TASK BRIEF → Write out the stretch of lines below that begins at the line with "8) car [786, 621, 1041, 748]" and ends at the line with "10) motorcyclist [0, 521, 331, 1086]", including both, exactly as given and nothing more.

[Opening INPUT RECORDS section]

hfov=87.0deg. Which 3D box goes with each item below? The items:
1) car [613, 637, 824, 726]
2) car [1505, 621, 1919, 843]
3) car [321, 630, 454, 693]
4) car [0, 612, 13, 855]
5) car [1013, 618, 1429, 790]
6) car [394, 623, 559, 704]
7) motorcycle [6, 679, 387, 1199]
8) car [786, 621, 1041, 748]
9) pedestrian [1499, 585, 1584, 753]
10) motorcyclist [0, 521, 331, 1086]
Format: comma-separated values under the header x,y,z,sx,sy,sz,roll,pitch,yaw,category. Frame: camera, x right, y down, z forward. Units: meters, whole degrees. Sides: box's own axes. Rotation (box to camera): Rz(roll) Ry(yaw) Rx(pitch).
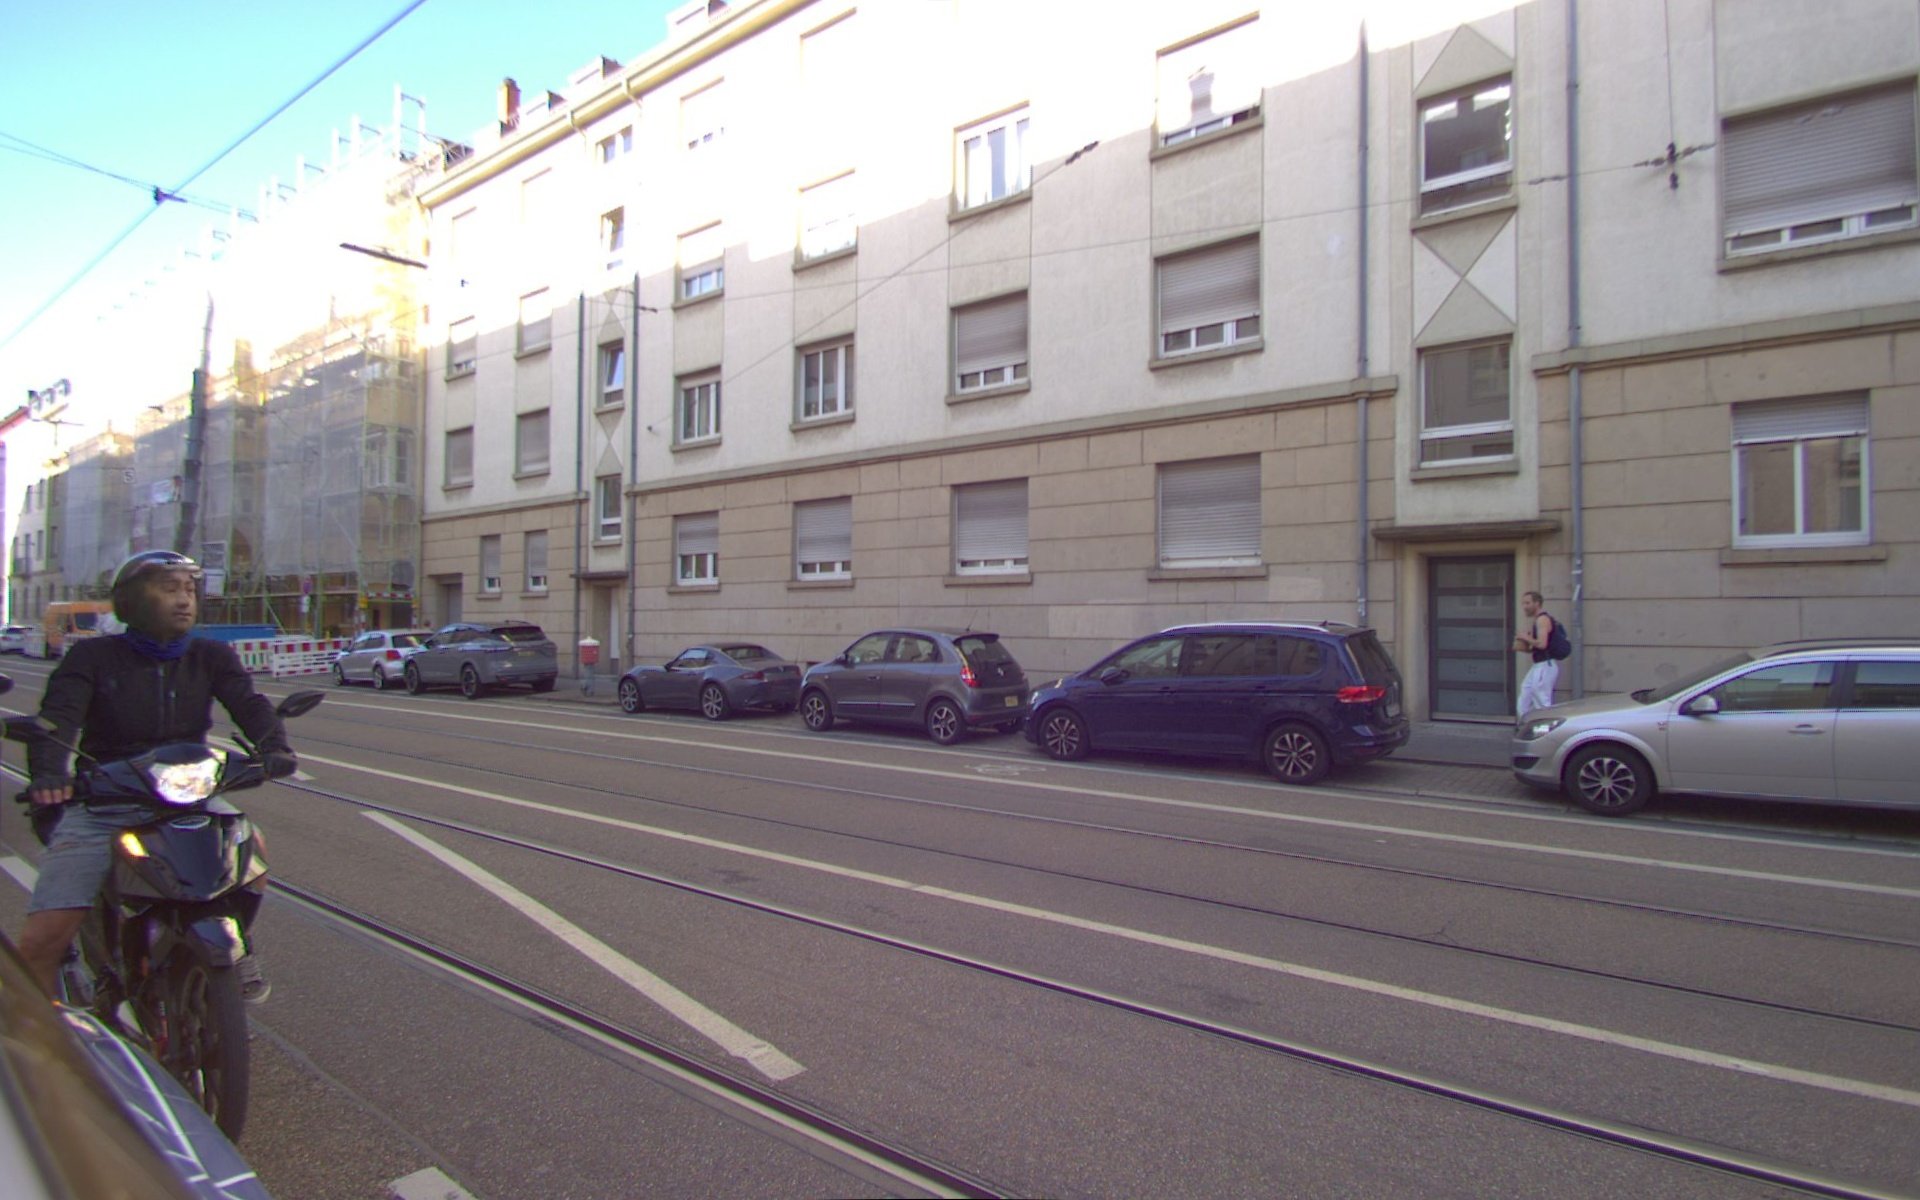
x,y,z,sx,sy,sz,roll,pitch,yaw,category
-4.212,1.326,17.503,3.483,1.286,1.730,-1,0,37,car
7.216,0.993,8.535,4.358,1.571,1.975,-1,0,38,car
-14.435,1.495,25.467,3.639,1.402,1.617,-1,0,37,car
-8.017,0.849,6.997,3.997,1.515,1.670,-2,-3,40,car
2.914,1.029,11.729,4.285,1.597,1.887,-1,0,37,car
-10.868,1.347,22.656,4.108,1.603,1.691,-1,0,38,car
-2.412,0.913,3.084,1.980,1.228,0.532,-1,0,41,motorcycle
-0.729,1.119,14.730,3.493,1.584,1.650,-1,0,38,car
6.651,0.762,11.576,0.733,1.846,0.592,-1,0,41,pedestrian
-2.571,0.544,3.194,0.598,1.516,0.851,-1,0,41,motorcyclist

[Closing INPUT RECORDS section]

RESPONSE TO THE EXERCISE →
8) car [786, 621, 1041, 748]
9) pedestrian [1499, 585, 1584, 753]
10) motorcyclist [0, 521, 331, 1086]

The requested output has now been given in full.